Line 5: Only the variables you want to use as "explanatory variables" are retrieved.

Line 6: Only the variable you want to use as the "objective variable" is retrieved.

Lines 7-8: The pandas data type cannot be calculated, so it is converted to a numpy array.

Line 9: Split training data and test data at a ratio of 8:2

**Run**

Next, let's move the model and check if it is implemented.

Here, num_iter (number of iterations) is set to 10,lr(learning rate) to 0.01,no_bias (bias) is present, and verbose (learning process) is output.

In [13]:
slr = ScratchLinearRegression(num_iter=10, lr=0.01, no_bias=True, verbose=True)
slr.fit(X_train, y_train, X_test, y_test)

NameError: name 'bias' is not defined

Line 1: Instantiation by putting arguments into the created class
Line 2: Learning execution

**predict**

Next, let's make a prediction with the trained model.

In [None]:
slr.predict(X_test)

Line 1: Prediction using test data

**Plotting the "Problem 7" learning curve**

learning curve
In machine learning, we determine if the learning is going well or not, and make corrections and parameter adjustments.

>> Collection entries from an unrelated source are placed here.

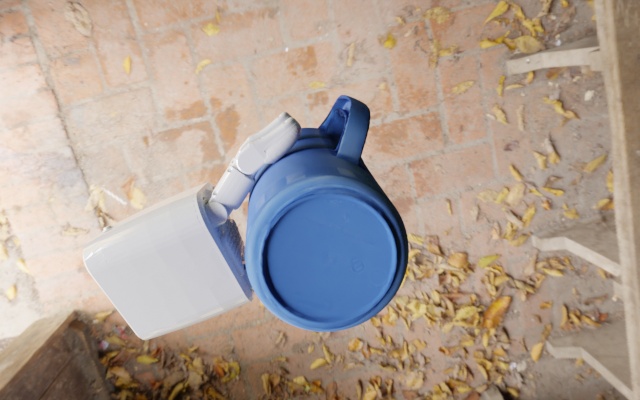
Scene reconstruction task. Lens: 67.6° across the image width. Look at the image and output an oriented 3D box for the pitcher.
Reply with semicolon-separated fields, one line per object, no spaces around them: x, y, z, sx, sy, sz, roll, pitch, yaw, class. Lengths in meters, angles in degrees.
0.000;0.001;0.416;0.145;0.149;0.242;-22;13;0;pitcher
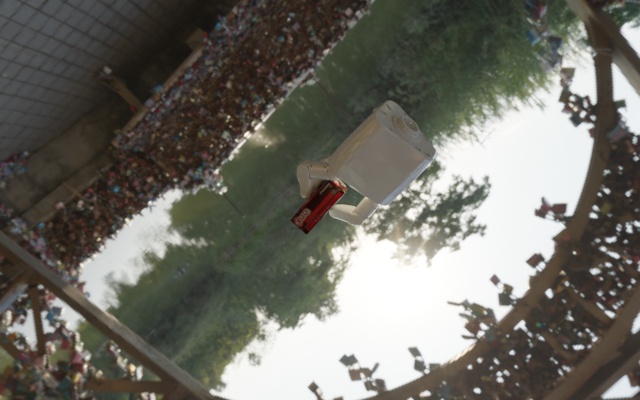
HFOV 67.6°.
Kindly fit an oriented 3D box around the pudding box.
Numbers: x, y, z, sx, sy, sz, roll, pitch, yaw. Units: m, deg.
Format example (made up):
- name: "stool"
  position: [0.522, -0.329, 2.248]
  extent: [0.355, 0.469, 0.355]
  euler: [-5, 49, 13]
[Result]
- name: "pudding box"
  position: [0.000, 0.003, 0.765]
  extent: [0.039, 0.090, 0.113]
  euler: [43, 8, 1]
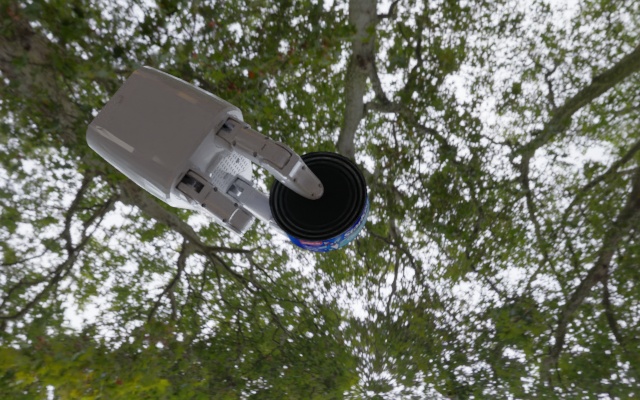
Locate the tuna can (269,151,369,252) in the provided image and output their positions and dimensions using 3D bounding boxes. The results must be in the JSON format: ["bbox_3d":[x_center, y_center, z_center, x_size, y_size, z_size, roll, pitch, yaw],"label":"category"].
[{"bbox_3d":[0.000,0.002,0.423,0.086,0.086,0.034,0,-25,11],"label":"tuna can"}]
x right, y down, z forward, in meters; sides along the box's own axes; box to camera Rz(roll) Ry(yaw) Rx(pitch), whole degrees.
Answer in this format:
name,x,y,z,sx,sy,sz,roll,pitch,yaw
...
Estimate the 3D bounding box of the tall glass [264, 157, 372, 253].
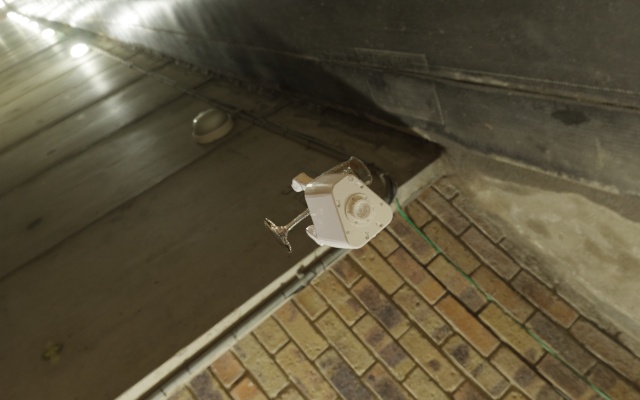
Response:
name,x,y,z,sx,sy,sz,roll,pitch,yaw
tall glass,0.000,0.003,0.856,0.201,0.079,0.079,-38,13,-18
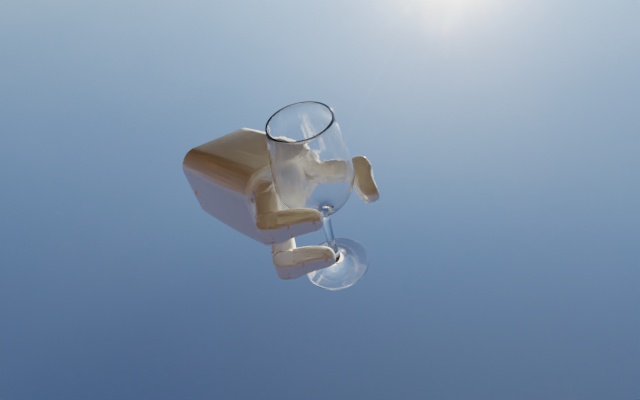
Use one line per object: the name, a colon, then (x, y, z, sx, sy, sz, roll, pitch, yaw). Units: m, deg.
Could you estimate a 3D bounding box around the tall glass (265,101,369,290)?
tall glass: (0.000, 0.002, 0.482, 0.079, 0.201, 0.079, -8, 43, 7)
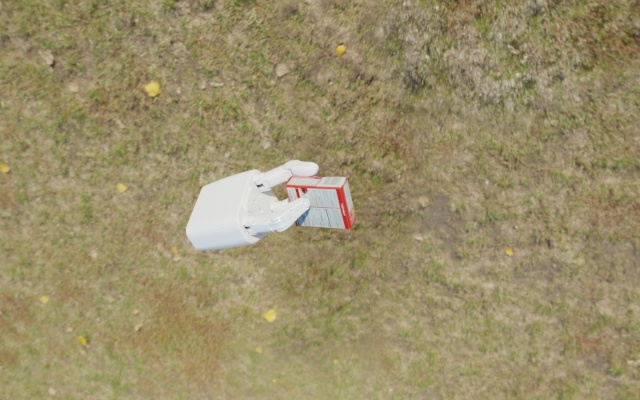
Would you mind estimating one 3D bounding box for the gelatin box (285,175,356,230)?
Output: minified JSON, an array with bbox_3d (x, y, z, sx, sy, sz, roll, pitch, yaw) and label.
[{"bbox_3d":[0.000,0.002,0.678,0.089,0.073,0.030,3,37,25],"label":"gelatin box"}]
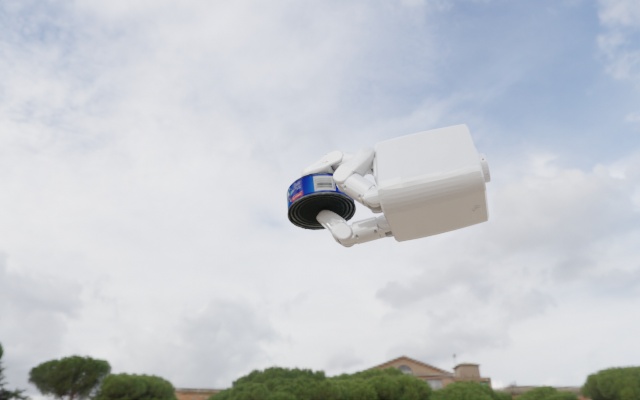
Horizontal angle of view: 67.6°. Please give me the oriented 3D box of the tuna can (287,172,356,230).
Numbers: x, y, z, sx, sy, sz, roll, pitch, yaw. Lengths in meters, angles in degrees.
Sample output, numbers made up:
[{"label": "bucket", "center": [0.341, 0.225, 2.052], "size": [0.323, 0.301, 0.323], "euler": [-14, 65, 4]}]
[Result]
[{"label": "tuna can", "center": [0.000, 0.001, 0.600], "size": [0.086, 0.033, 0.086], "euler": [-5, -33, -3]}]
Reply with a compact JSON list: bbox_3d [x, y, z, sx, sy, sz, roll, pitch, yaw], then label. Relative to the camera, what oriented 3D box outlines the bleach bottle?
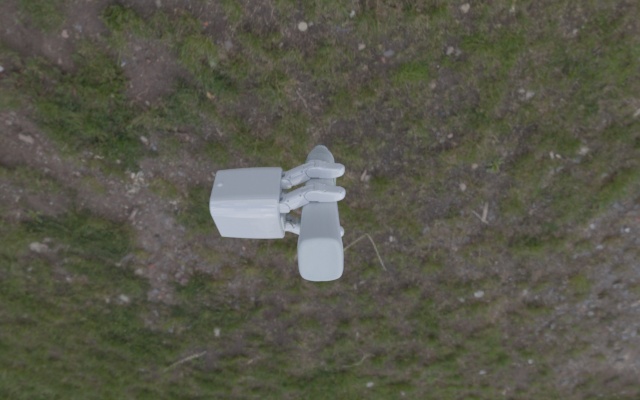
[{"bbox_3d":[0.000,0.003,0.788,0.068,0.103,0.250,-1,44,1],"label":"bleach bottle"}]
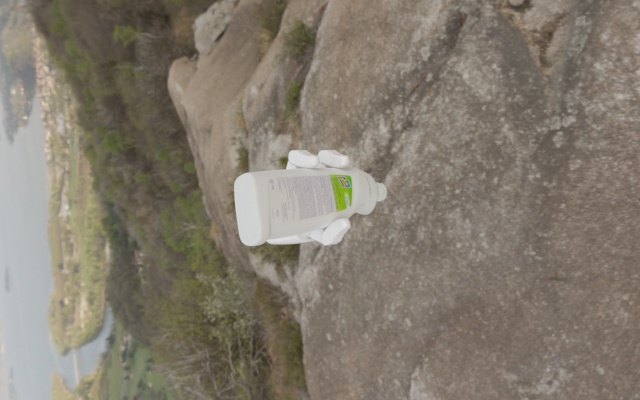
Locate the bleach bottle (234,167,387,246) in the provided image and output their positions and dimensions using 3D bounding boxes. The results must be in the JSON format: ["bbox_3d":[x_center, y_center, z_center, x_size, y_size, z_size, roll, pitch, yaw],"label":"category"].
[{"bbox_3d":[0.000,0.002,0.714,0.251,0.102,0.068,-5,-5,-36],"label":"bleach bottle"}]
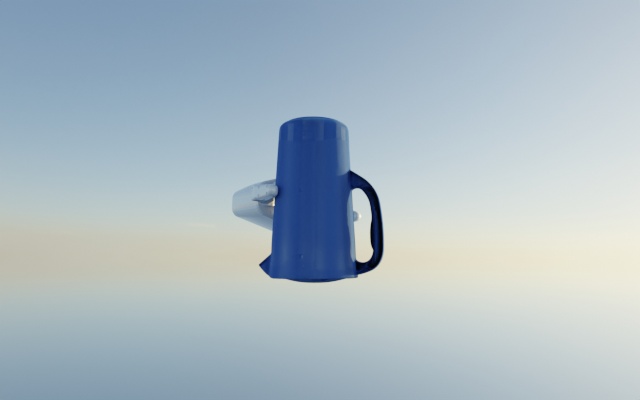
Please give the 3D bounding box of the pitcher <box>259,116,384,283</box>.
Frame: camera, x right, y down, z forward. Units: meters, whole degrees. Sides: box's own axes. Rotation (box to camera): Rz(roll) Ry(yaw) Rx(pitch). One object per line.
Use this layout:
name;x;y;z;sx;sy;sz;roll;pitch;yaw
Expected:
pitcher;0.000;0.002;0.725;0.149;0.243;0.145;5;-9;-34
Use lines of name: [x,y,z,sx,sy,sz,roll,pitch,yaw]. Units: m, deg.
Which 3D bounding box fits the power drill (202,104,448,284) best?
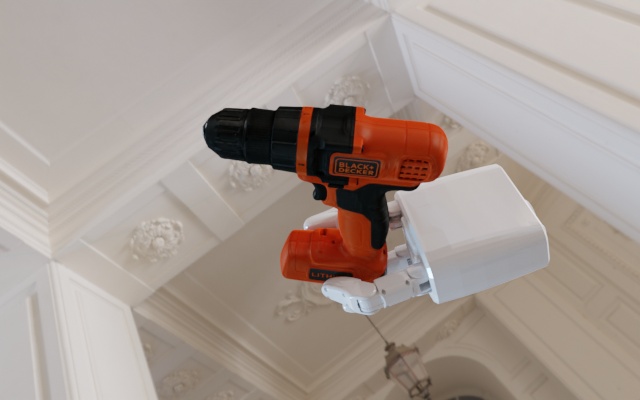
power drill: [0.000,0.002,0.413,0.184,0.057,0.188,7,-40,3]
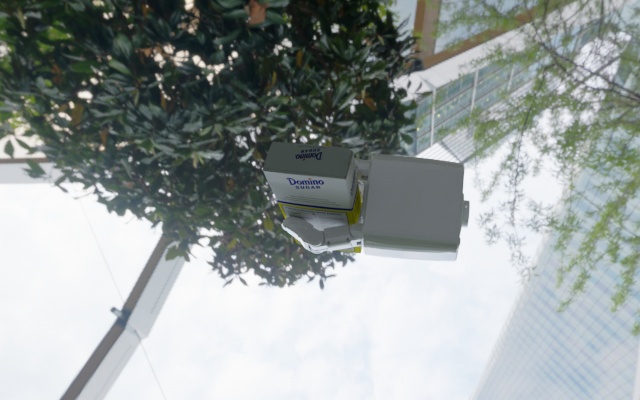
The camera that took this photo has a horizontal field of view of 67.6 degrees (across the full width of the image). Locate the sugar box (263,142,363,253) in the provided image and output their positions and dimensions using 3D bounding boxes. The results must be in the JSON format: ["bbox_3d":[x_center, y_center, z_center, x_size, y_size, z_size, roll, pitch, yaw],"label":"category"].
[{"bbox_3d":[0.000,0.001,0.568,0.093,0.048,0.176,7,-32,14],"label":"sugar box"}]
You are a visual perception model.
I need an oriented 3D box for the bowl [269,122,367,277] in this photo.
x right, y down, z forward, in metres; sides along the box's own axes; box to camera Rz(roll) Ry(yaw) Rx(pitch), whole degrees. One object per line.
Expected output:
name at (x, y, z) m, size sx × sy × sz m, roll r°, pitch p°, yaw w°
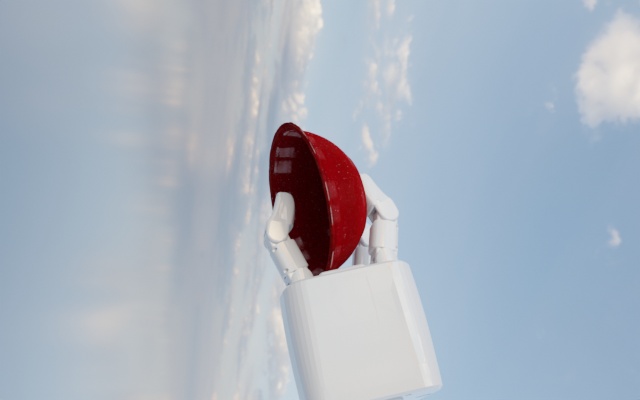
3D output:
bowl at (0.000, 0.000, 0.471) m, size 0.055 × 0.162 × 0.162 m, roll -11°, pitch 4°, yaw -22°
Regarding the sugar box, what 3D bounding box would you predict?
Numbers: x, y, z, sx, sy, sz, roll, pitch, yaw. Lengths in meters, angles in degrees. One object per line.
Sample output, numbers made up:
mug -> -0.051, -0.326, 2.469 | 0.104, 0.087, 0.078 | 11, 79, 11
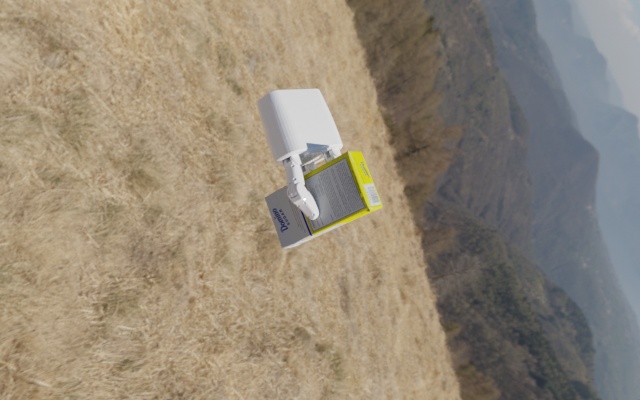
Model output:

One way to check the progress of learning is to visualize the value of the loss function (objective function).

A plot of the transition of loss values output by the loss function is called a learning curve.

In solving the problem so far, the loss is stored in self.loss of the scratch class created. This is used to verify that the loss value is decreasing.

Since the training and test data losses are stored inlossandval_loss, they are referenced and drawn respectively via instances

In [14]:
import matplotlib.pyplot as plt
%matplotlib inline
plt.plot(reg.loss)
plt.plot(reg.val_loss)

NameError: name 'reg' is not defined

Line 1: Import required libraries
Line 2: Setup to be able to draw on jupyter if using jupyter notebook
Line 3: Draw training data loss
Line 4: Draw test data loss

Draw a learning curve with losses to see how learning is progressing
Visualization of losses (plotting the learning curve) is also important to verify that the learning and implementation is working!